REQUIRED ACTION: Please give, word for word, the line containing "List each element's" and every line that comes after it in the data below.

Dataset records:
+++
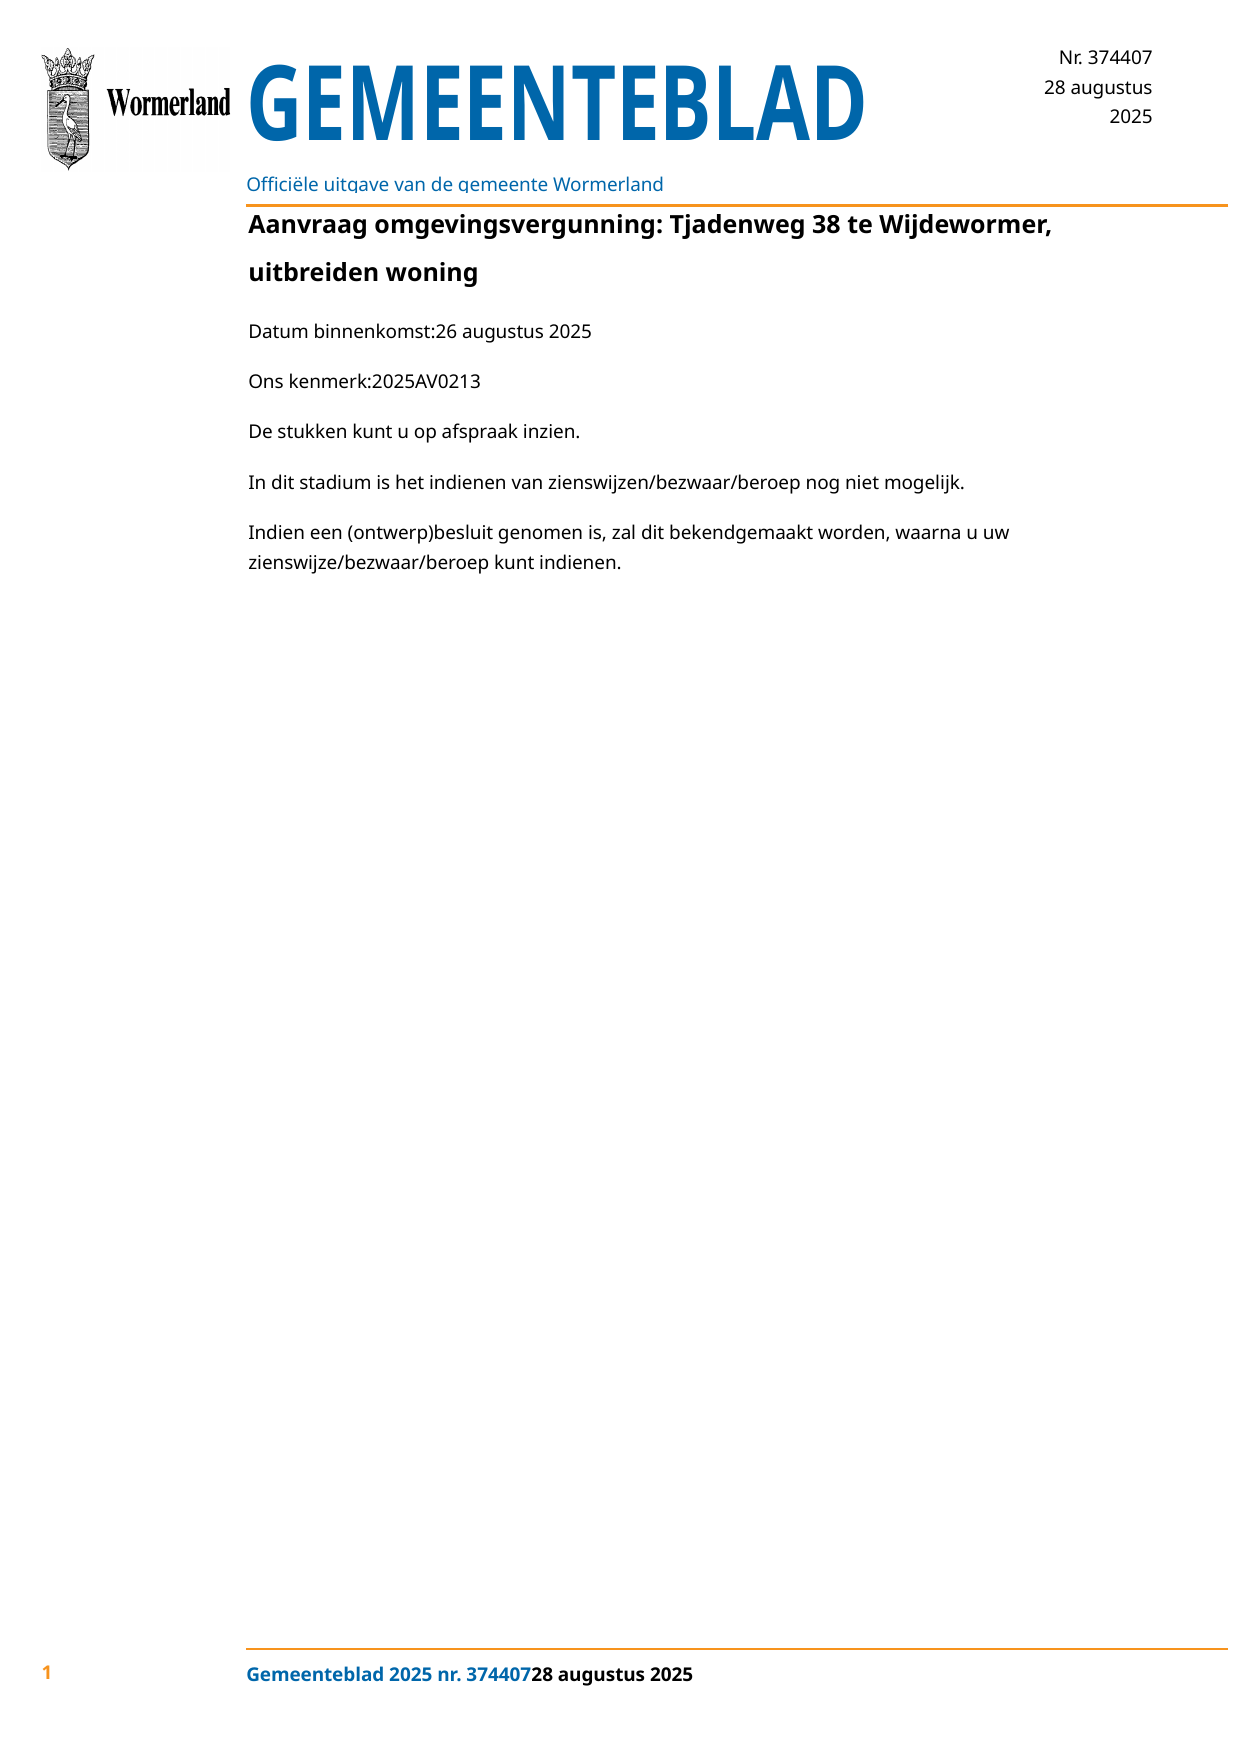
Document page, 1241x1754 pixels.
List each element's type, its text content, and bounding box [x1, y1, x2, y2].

text Aanvraag omgevingsvergunning: Tjadenweg 38 te Wijdewormer, uitbreiden woning [248, 207, 1152, 288]
picture [41, 47, 231, 172]
text Indien een (ontwerp)besluit genomen is, zal dit bekendgemaakt worden, waarna u uw zienswijze/bezwaar/beroep kunt indienen. [248, 519, 1152, 575]
text Datum binnenkomst:26 augustus 2025 [248, 318, 1152, 344]
text Ons kenmerk:2025AV0213 [248, 368, 1152, 394]
text De stukken kunt u op afspraak inzien. [248, 419, 1152, 444]
text In dit stadium is het indienen van zienswijzen/bezwaar/beroep nog niet mogelijk. [248, 469, 1152, 495]
+++
OUTPUT OF THE EXERCISE:
List each element's type, its text content, and bounding box [x1, y1, x2, y2].

text Aanvraag omgevingsvergunning: Tjadenweg 38 te Wijdewormer, uitbreiden woning [248, 207, 1152, 288]
picture [41, 47, 231, 172]
text Indien een (ontwerp)besluit genomen is, zal dit bekendgemaakt worden, waarna u uw zienswijze/bezwaar/beroep kunt indienen. [248, 519, 1152, 575]
text Datum binnenkomst:26 augustus 2025 [248, 318, 1152, 344]
text Ons kenmerk:2025AV0213 [248, 368, 1152, 394]
text De stukken kunt u op afspraak inzien. [248, 419, 1152, 444]
text In dit stadium is het indienen van zienswijzen/bezwaar/beroep nog niet mogelijk. [248, 469, 1152, 495]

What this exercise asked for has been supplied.